Really?  Even where internal_exception is called?

   >>    =head2 Excerpt
   >>
   >>    [Excerpt from "Perl 6 and Parrot Essentials" to seed discussion.
   >>    Out-of-date in some ways, and in others it was simply  
   >> speculative.]

   For everything below this point, keep in mind that the text was  
   written in 2004.

Sorry; I didn't mean to be pedantic.

   >>    process continues until some exception handler deals with the  
   >> exception
   >>    and returns normally, or until there are no more exception  
   >> handlers on
   >>    the control stack. When the system finds no installed exception  
   >> handlers
   >>    it defaults to a final action, which normally means it prints an
   >>    appropriate message and terminates the program.
   >
   > Currently it also prints a backtrace, which is really nice.  Alas, the
   > backtrace is only from the point of the final rethrow by the oldest
   > (bottommost) exception handler.  This is the greatest weakness with the
   > current Parrot exception-handling design:  By the time you find out that
   > a given exception is unhandled, the dynamic environment of the C<throw>
   > has been destroyed by the very process of searching for a willing
   > handler.  This makes it extremely difficult to write a debugger than
   > can do anything useful about uncaught exceptions.

   Exception handler tracing is a useful feature, and is worth adding if  
   it doesn't cost too much (in terms of implementation complexity,  
   execution speed, etc).

I would agree, but I wasn't just talking about tracing (and tracing
exceptions, rather than handlers).  I was talking about allowing an
interactive debugger, as in "perl -d", to take control at the point
where the uncaught exception is signaled, so that I can figure out why
it wasn't caught.  (For the record, I've never actually needed to use
"perl -d" to debug a Perl 5 program with hairy eval/die logic, but I bet
it's no picnic.)

   However, as I've already hinted, I think a workable solution is
within reach . . .

   >>    When the system installs an exception handler, it creates a return
   >>    continuation with a snapshot of the current interpreter  
   >> context. If
   >
   > This is confusing; I assume you are talking about the Exception_Handler
   > itself and not a RetContinuation.

   In this context, no. It really meant a return continuation.

Hmm.  A RetContinuation recycles the leaving context, but in the case of
an exception, we don't know the identity of the leaving context until
the exception is invoked, which makes it hard to decide whether this is
safe/appropriate.  So, unless I am still misunderstanding you, I don't
think this works with the current codebase (though it ought to work if
the "lightweight RetContinuation" proposal [2] is ever implemented).

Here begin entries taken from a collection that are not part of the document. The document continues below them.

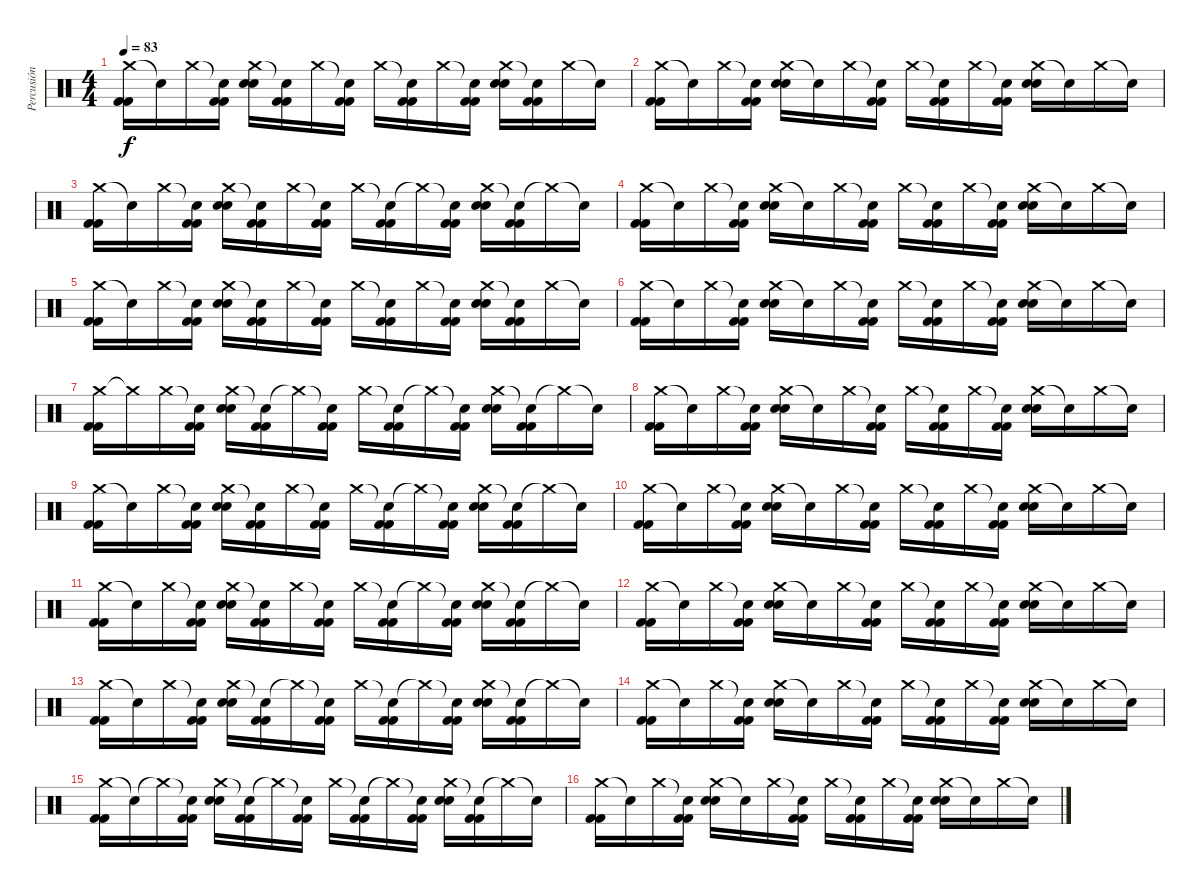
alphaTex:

\track ("Percusión" "Percusión") {instrument percussion}
\staff {score}
\articulation defaults
\ts (4 4)
\tempo 83
\clef neutral
\ks c
("Crash medium (hit)" "Kick (hit) 2" "Kick (hit) 2").16{dy f} "Snare (hit)"{t}.16 "Crash medium (hit)".16 ("Snare (hit)"{t} "Kick (hit) 2" "Kick (hit) 2").16 ("Crash medium (hit)" "Electric Snare (hit)" "Electric Snare (hit)").16 ("Snare (hit)"{t} "Kick (hit) 2" "Kick (hit) 2").16 "Crash medium (hit)".16 ("Snare (hit)"{t} "Kick (hit) 2" "Kick (hit) 2").16 "Crash medium (hit)".16 ("Snare (hit)"{t} "Kick (hit) 2" "Kick (hit) 2").16 "Crash medium (hit)".16 ("Snare (hit)"{t} "Kick (hit) 2" "Kick (hit) 2").16 ("Crash medium (hit)" "Electric Snare (hit)" "Electric Snare (hit)").16 ("Snare (hit)"{t} "Kick (hit) 2" "Kick (hit) 2").16 "Crash medium (hit)".16 "Snare (hit)"{t}.16 |
("Crash medium (hit)" "Kick (hit) 2" "Kick (hit) 2").16 "Snare (hit)"{t}.16 "Crash medium (hit)".16 ("Snare (hit)"{t} "Kick (hit) 2" "Kick (hit) 2").16 ("Crash medium (hit)" "Electric Snare (hit)" "Electric Snare (hit)").16 "Snare (hit)"{t}.16 "Crash medium (hit)".16 ("Snare (hit)"{t} "Kick (hit) 2" "Kick (hit) 2").16 "Crash medium (hit)".16 ("Snare (hit)"{t} "Kick (hit) 2" "Kick (hit) 2").16 "Crash medium (hit)".16 ("Snare (hit)"{t} "Kick (hit) 2" "Kick (hit) 2").16 ("Crash medium (hit)" "Electric Snare (hit)" "Electric Snare (hit)").16 "Snare (hit)"{t}.16 "Crash medium (hit)".16 "Snare (hit)"{t}.16 |
("Crash medium (hit)" "Kick (hit) 2" "Kick (hit) 2").16 "Snare (hit)"{t}.16 "Crash medium (hit)".16 ("Snare (hit)"{t} "Kick (hit) 2" "Kick (hit) 2").16 ("Crash medium (hit)" "Electric Snare (hit)" "Electric Snare (hit)").16 ("Snare (hit)"{t} "Kick (hit) 2" "Kick (hit) 2").16 "Crash medium (hit)".16 ("Snare (hit)"{t} "Kick (hit) 2" "Kick (hit) 2").16 "Crash medium (hit)".16 ("Snare (hit)"{t} "Kick (hit) 2" "Kick (hit) 2").16 "Crash medium (hit)"{t}.16 ("Snare (hit)"{t} "Kick (hit) 2" "Kick (hit) 2").16 ("Crash medium (hit)" "Electric Snare (hit)" "Electric Snare (hit)").16 ("Snare (hit)"{t} "Kick (hit) 2" "Kick (hit) 2").16 "Crash medium (hit)"{t}.16 "Snare (hit)"{t}.16 |
("Crash medium (hit)" "Kick (hit) 2" "Kick (hit) 2").16 "Snare (hit)"{t}.16 "Crash medium (hit)".16 ("Snare (hit)"{t} "Kick (hit) 2" "Kick (hit) 2").16 ("Crash medium (hit)" "Electric Snare (hit)" "Electric Snare (hit)").16 "Snare (hit)"{t}.16 "Crash medium (hit)".16 ("Snare (hit)"{t} "Kick (hit) 2" "Kick (hit) 2").16 "Crash medium (hit)".16 ("Snare (hit)"{t} "Kick (hit) 2" "Kick (hit) 2").16 "Crash medium (hit)".16 ("Snare (hit)"{t} "Kick (hit) 2" "Kick (hit) 2").16 ("Crash medium (hit)" "Electric Snare (hit)" "Electric Snare (hit)").16 "Snare (hit)"{t}.16 "Crash medium (hit)".16 "Snare (hit)"{t}.16 |
("Crash medium (hit)" "Kick (hit) 2" "Kick (hit) 2").16 "Snare (hit)"{t}.16 "Crash medium (hit)".16 ("Snare (hit)"{t} "Kick (hit) 2" "Kick (hit) 2").16 ("Crash medium (hit)" "Electric Snare (hit)" "Electric Snare (hit)").16 ("Snare (hit)"{t} "Kick (hit) 2" "Kick (hit) 2").16 "Crash medium (hit)".16 ("Snare (hit)"{t} "Kick (hit) 2" "Kick (hit) 2").16 "Crash medium (hit)".16 ("Snare (hit)"{t} "Kick (hit) 2" "Kick (hit) 2").16 "Crash medium (hit)".16 ("Snare (hit)"{t} "Kick (hit) 2" "Kick (hit) 2").16 ("Crash medium (hit)" "Electric Snare (hit)" "Electric Snare (hit)").16 ("Snare (hit)"{t} "Kick (hit) 2" "Kick (hit) 2").16 "Crash medium (hit)".16 "Snare (hit)"{t}.16 |
("Crash medium (hit)" "Kick (hit) 2" "Kick (hit) 2").16 "Snare (hit)"{t}.16 "Crash medium (hit)".16 ("Snare (hit)"{t} "Kick (hit) 2" "Kick (hit) 2").16 ("Crash medium (hit)" "Electric Snare (hit)" "Electric Snare (hit)").16 "Snare (hit)"{t}.16 "Crash medium (hit)".16 ("Snare (hit)"{t} "Kick (hit) 2" "Kick (hit) 2").16 "Crash medium (hit)".16 ("Snare (hit)"{t} "Kick (hit) 2" "Kick (hit) 2").16 "Crash medium (hit)".16 ("Snare (hit)"{t} "Kick (hit) 2" "Kick (hit) 2").16 ("Crash medium (hit)" "Electric Snare (hit)" "Electric Snare (hit)").16 "Snare (hit)"{t}.16 "Crash medium (hit)".16 "Snare (hit)"{t}.16 |
("Crash medium (hit)" "Kick (hit) 2" "Kick (hit) 2").16 "Crash medium (hit)"{t}.16 "Crash medium (hit)".16 ("Snare (hit)"{t} "Kick (hit) 2" "Kick (hit) 2").16 ("Crash medium (hit)" "Electric Snare (hit)" "Electric Snare (hit)").16 ("Snare (hit)"{t} "Kick (hit) 2" "Kick (hit) 2").16 "Crash medium (hit)"{t}.16 ("Snare (hit)"{t} "Kick (hit) 2" "Kick (hit) 2").16 "Crash medium (hit)".16 ("Snare (hit)"{t} "Kick (hit) 2" "Kick (hit) 2").16 "Crash medium (hit)"{t}.16 ("Snare (hit)"{t} "Kick (hit) 2" "Kick (hit) 2").16 ("Crash medium (hit)" "Electric Snare (hit)" "Electric Snare (hit)").16 ("Snare (hit)"{t} "Kick (hit) 2" "Kick (hit) 2").16 "Crash medium (hit)"{t}.16 "Snare (hit)"{t}.16 |
("Crash medium (hit)" "Kick (hit) 2" "Kick (hit) 2").16 "Snare (hit)"{t}.16 "Crash medium (hit)".16 ("Snare (hit)"{t} "Kick (hit) 2" "Kick (hit) 2").16 ("Crash medium (hit)" "Electric Snare (hit)" "Electric Snare (hit)").16 "Snare (hit)"{t}.16 "Crash medium (hit)".16 ("Snare (hit)"{t} "Kick (hit) 2" "Kick (hit) 2").16 "Crash medium (hit)".16 ("Snare (hit)"{t} "Kick (hit) 2" "Kick (hit) 2").16 "Crash medium (hit)".16 ("Snare (hit)"{t} "Kick (hit) 2" "Kick (hit) 2").16 ("Crash medium (hit)" "Electric Snare (hit)" "Electric Snare (hit)").16 "Snare (hit)"{t}.16 "Crash medium (hit)".16 "Snare (hit)"{t}.16 |
("Crash medium (hit)" "Kick (hit) 2" "Kick (hit) 2").16 "Snare (hit)"{t}.16 "Crash medium (hit)".16 ("Snare (hit)"{t} "Kick (hit) 2" "Kick (hit) 2").16 ("Crash medium (hit)" "Electric Snare (hit)" "Electric Snare (hit)").16 ("Snare (hit)"{t} "Kick (hit) 2" "Kick (hit) 2").16 "Crash medium (hit)".16 ("Snare (hit)"{t} "Kick (hit) 2" "Kick (hit) 2").16 "Crash medium (hit)".16 ("Snare (hit)"{t} "Kick (hit) 2" "Kick (hit) 2").16 "Crash medium (hit)"{t}.16 ("Snare (hit)"{t} "Kick (hit) 2" "Kick (hit) 2").16 ("Crash medium (hit)" "Electric Snare (hit)" "Electric Snare (hit)").16 ("Snare (hit)"{t} "Kick (hit) 2" "Kick (hit) 2").16 "Crash medium (hit)"{t}.16 "Snare (hit)"{t}.16 |
("Crash medium (hit)" "Kick (hit) 2" "Kick (hit) 2").16 "Snare (hit)"{t}.16 "Crash medium (hit)".16 ("Snare (hit)"{t} "Kick (hit) 2" "Kick (hit) 2").16 ("Crash medium (hit)" "Electric Snare (hit)" "Electric Snare (hit)").16 "Snare (hit)"{t}.16 "Crash medium (hit)".16 ("Snare (hit)"{t} "Kick (hit) 2" "Kick (hit) 2").16 "Crash medium (hit)".16 ("Snare (hit)"{t} "Kick (hit) 2" "Kick (hit) 2").16 "Crash medium (hit)".16 ("Snare (hit)"{t} "Kick (hit) 2" "Kick (hit) 2").16 ("Crash medium (hit)" "Electric Snare (hit)" "Electric Snare (hit)").16 "Snare (hit)"{t}.16 "Crash medium (hit)".16 "Snare (hit)"{t}.16 |
("Crash medium (hit)" "Kick (hit) 2" "Kick (hit) 2").16 "Snare (hit)"{t}.16 "Crash medium (hit)".16 ("Snare (hit)"{t} "Kick (hit) 2" "Kick (hit) 2").16 ("Crash medium (hit)" "Electric Snare (hit)" "Electric Snare (hit)").16 ("Snare (hit)"{t} "Kick (hit) 2" "Kick (hit) 2").16 "Crash medium (hit)".16 ("Snare (hit)"{t} "Kick (hit) 2" "Kick (hit) 2").16 "Crash medium (hit)".16 ("Snare (hit)"{t} "Kick (hit) 2" "Kick (hit) 2").16 "Crash medium (hit)"{t}.16 ("Snare (hit)"{t} "Kick (hit) 2" "Kick (hit) 2").16 ("Crash medium (hit)" "Electric Snare (hit)" "Electric Snare (hit)").16 ("Snare (hit)"{t} "Kick (hit) 2" "Kick (hit) 2").16 "Crash medium (hit)"{t}.16 "Snare (hit)"{t}.16 |
("Crash medium (hit)" "Kick (hit) 2" "Kick (hit) 2").16 "Snare (hit)"{t}.16 "Crash medium (hit)".16 ("Snare (hit)"{t} "Kick (hit) 2" "Kick (hit) 2").16 ("Crash medium (hit)" "Electric Snare (hit)" "Electric Snare (hit)").16 "Snare (hit)"{t}.16 "Crash medium (hit)".16 ("Snare (hit)"{t} "Kick (hit) 2" "Kick (hit) 2").16 "Crash medium (hit)".16 ("Snare (hit)"{t} "Kick (hit) 2" "Kick (hit) 2").16 "Crash medium (hit)".16 ("Snare (hit)"{t} "Kick (hit) 2" "Kick (hit) 2").16 ("Crash medium (hit)" "Electric Snare (hit)" "Electric Snare (hit)").16 "Snare (hit)"{t}.16 "Crash medium (hit)".16 "Snare (hit)"{t}.16 |
("Crash medium (hit)" "Kick (hit) 2" "Kick (hit) 2").16 "Snare (hit)"{t}.16 "Crash medium (hit)".16 ("Snare (hit)"{t} "Kick (hit) 2" "Kick (hit) 2").16 ("Crash medium (hit)" "Electric Snare (hit)" "Electric Snare (hit)").16 ("Snare (hit)"{t} "Kick (hit) 2" "Kick (hit) 2").16 "Crash medium (hit)"{t}.16 ("Snare (hit)"{t} "Kick (hit) 2" "Kick (hit) 2").16 "Crash medium (hit)".16 ("Snare (hit)"{t} "Kick (hit) 2" "Kick (hit) 2").16 "Crash medium (hit)"{t}.16 ("Snare (hit)"{t} "Kick (hit) 2" "Kick (hit) 2").16 ("Crash medium (hit)" "Electric Snare (hit)" "Electric Snare (hit)").16 ("Snare (hit)"{t} "Kick (hit) 2" "Kick (hit) 2").16 "Crash medium (hit)"{t}.16 "Snare (hit)"{t}.16 |
("Crash medium (hit)" "Kick (hit) 2" "Kick (hit) 2").16 "Snare (hit)"{t}.16 "Crash medium (hit)".16 ("Snare (hit)"{t} "Kick (hit) 2" "Kick (hit) 2").16 ("Crash medium (hit)" "Electric Snare (hit)" "Electric Snare (hit)").16 "Snare (hit)"{t}.16 "Crash medium (hit)".16 ("Snare (hit)"{t} "Kick (hit) 2" "Kick (hit) 2").16 "Crash medium (hit)".16 ("Snare (hit)"{t} "Kick (hit) 2" "Kick (hit) 2").16 "Crash medium (hit)".16 ("Snare (hit)"{t} "Kick (hit) 2" "Kick (hit) 2").16 ("Crash medium (hit)" "Electric Snare (hit)" "Electric Snare (hit)").16 "Snare (hit)"{t}.16 "Crash medium (hit)".16 "Snare (hit)"{t}.16 |
("Crash medium (hit)" "Kick (hit) 2" "Kick (hit) 2").16 "Snare (hit)"{t}.16 "Crash medium (hit)"{t}.16 ("Snare (hit)"{t} "Kick (hit) 2" "Kick (hit) 2").16 ("Crash medium (hit)" "Electric Snare (hit)" "Electric Snare (hit)").16 ("Snare (hit)"{t} "Kick (hit) 2" "Kick (hit) 2").16 "Crash medium (hit)"{t}.16 ("Snare (hit)"{t} "Kick (hit) 2" "Kick (hit) 2").16 "Crash medium (hit)".16 ("Snare (hit)"{t} "Kick (hit) 2" "Kick (hit) 2").16 "Crash medium (hit)"{t}.16 ("Snare (hit)"{t} "Kick (hit) 2" "Kick (hit) 2").16 ("Crash medium (hit)" "Electric Snare (hit)" "Electric Snare (hit)").16 ("Snare (hit)"{t} "Kick (hit) 2" "Kick (hit) 2").16 "Crash medium (hit)"{t}.16 "Snare (hit)"{t}.16 |
("Crash medium (hit)" "Kick (hit) 2" "Kick (hit) 2").16 "Snare (hit)"{t}.16 "Crash medium (hit)".16 ("Snare (hit)"{t} "Kick (hit) 2" "Kick (hit) 2").16 ("Crash medium (hit)" "Electric Snare (hit)" "Electric Snare (hit)").16 "Snare (hit)"{t}.16 "Crash medium (hit)".16 ("Snare (hit)"{t} "Kick (hit) 2" "Kick (hit) 2").16 "Crash medium (hit)".16 ("Snare (hit)"{t} "Kick (hit) 2" "Kick (hit) 2").16 "Crash medium (hit)".16 ("Snare (hit)"{t} "Kick (hit) 2" "Kick (hit) 2").16 ("Crash medium (hit)" "Electric Snare (hit)" "Electric Snare (hit)").16 "Snare (hit)"{t}.16 "Crash medium (hit)".16 "Snare (hit)"{t}.16

   > Hmm.  It seems that an exception is "cleanly caught" only if it is not
   > rethrown.  It is therefore not possible to tell by looking at the
   > exception itself whether or not it is "cleanly caught" or if it is still
   > in the process of being signalled.

I think I now understand how you mean to do this.

   > You seem to want to say that unhandled exceptions are ignored.  Is  
   > that correct?  If so, I see several problems:
   >
   >    1.  What is "the exception handler function" and how is it
   > distinguished from the function that established the exception handler?
   > [It sounds like you are expecting the exception handler to behave more
   > like a closure than a continuation . . . ]

   An "exception handler function" would be an exception handler that is  
   a complete compilation unit rather than just a code segment inside  
   some other compilation unit.

Great; got it.

   >    2.  The previous paragraph says that if "the exception handler just
   > returns", that means that "the exception is cleanly caught".   
   > Unless you
   > want to propose a new mechanism, the only way a handler can decline to
   > handle an exception is by rethrowing it, which precludes the  
   > possibility of resuming.

I now realize that you *were* proposing a new mechanism (new to me in
any case), using an "exception handler function" that "just returns."
So never mind.

   The current prototype implementation doesn't support resumable
   exceptions, it's true . . .

"Prototype"??  That implies a lot more flexibility to change the way
Parrot exceptions work than I had thought would be allowed . . .

   But, resumable exceptions are a useful feature, and one that we
   originally planned for Parrot. Before we throw out the baby with the
   bath water, we need to first look at what it will take to build in
   resumable exceptions. It's possible that an architecture that
   supports resumable exceptions may be a better architecture overall.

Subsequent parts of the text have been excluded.